## WHAT IS EXPECTED
Scan the entries below. Return every line that includes "Please".

## INFORMATION
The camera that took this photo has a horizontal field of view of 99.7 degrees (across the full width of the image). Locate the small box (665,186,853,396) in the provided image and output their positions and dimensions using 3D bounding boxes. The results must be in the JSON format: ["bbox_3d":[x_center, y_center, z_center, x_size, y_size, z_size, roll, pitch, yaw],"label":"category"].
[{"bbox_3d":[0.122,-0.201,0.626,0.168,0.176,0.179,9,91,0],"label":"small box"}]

---

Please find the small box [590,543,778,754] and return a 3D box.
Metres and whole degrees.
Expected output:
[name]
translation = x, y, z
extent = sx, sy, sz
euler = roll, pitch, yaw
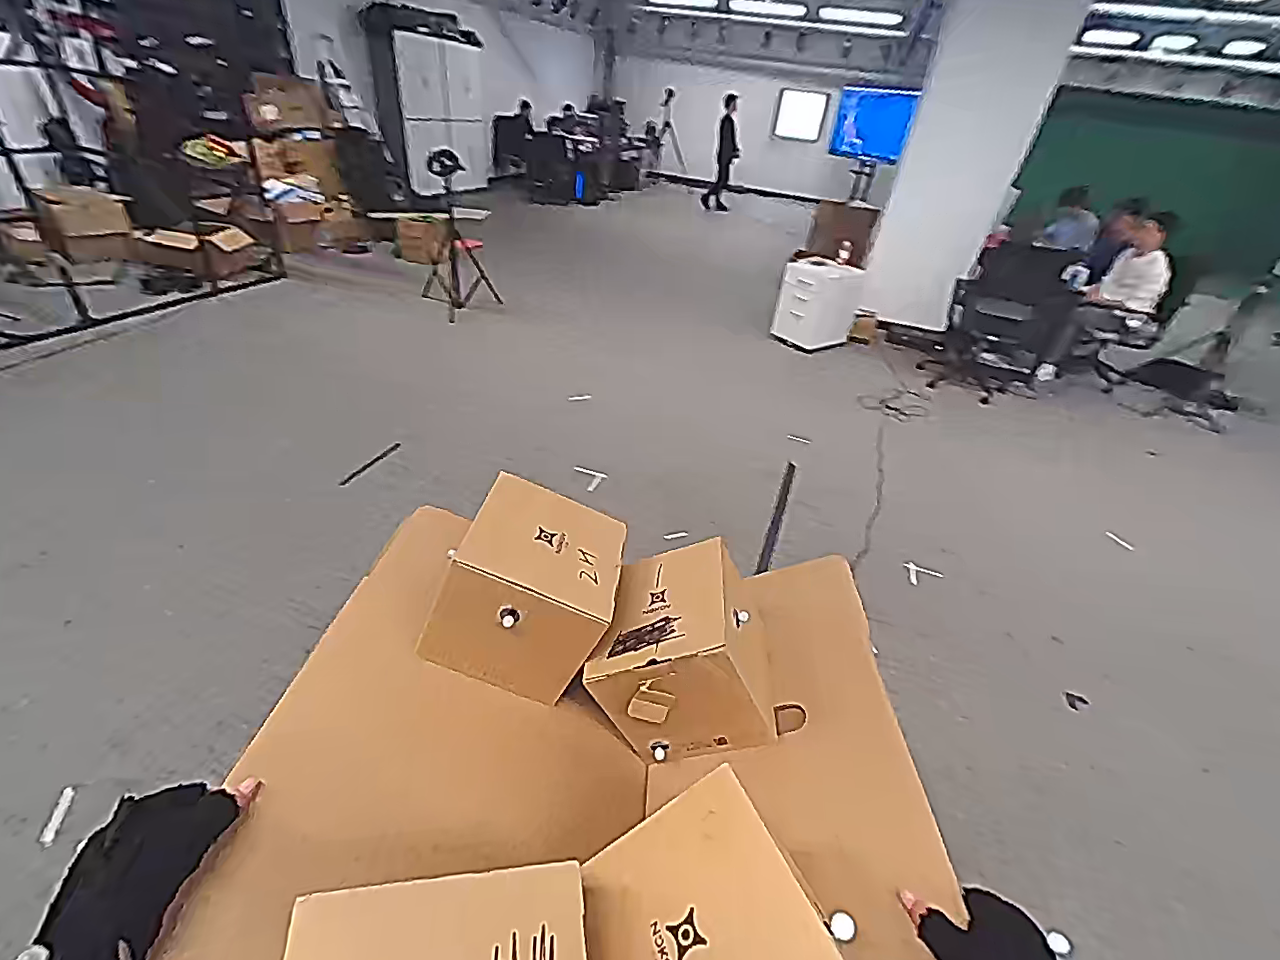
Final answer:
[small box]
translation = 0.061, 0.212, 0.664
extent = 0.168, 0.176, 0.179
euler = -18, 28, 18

---

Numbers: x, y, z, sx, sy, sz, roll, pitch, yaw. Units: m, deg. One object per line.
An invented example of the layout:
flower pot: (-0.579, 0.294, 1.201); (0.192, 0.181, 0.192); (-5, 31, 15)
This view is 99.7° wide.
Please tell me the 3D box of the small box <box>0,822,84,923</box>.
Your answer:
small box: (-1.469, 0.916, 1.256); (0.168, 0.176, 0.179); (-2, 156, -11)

## WORKED SOLUTION
Please find the small box [590,543,778,754] and return a 3D box.
Please tell me the 3D box of the small box <box>0,822,84,923</box>.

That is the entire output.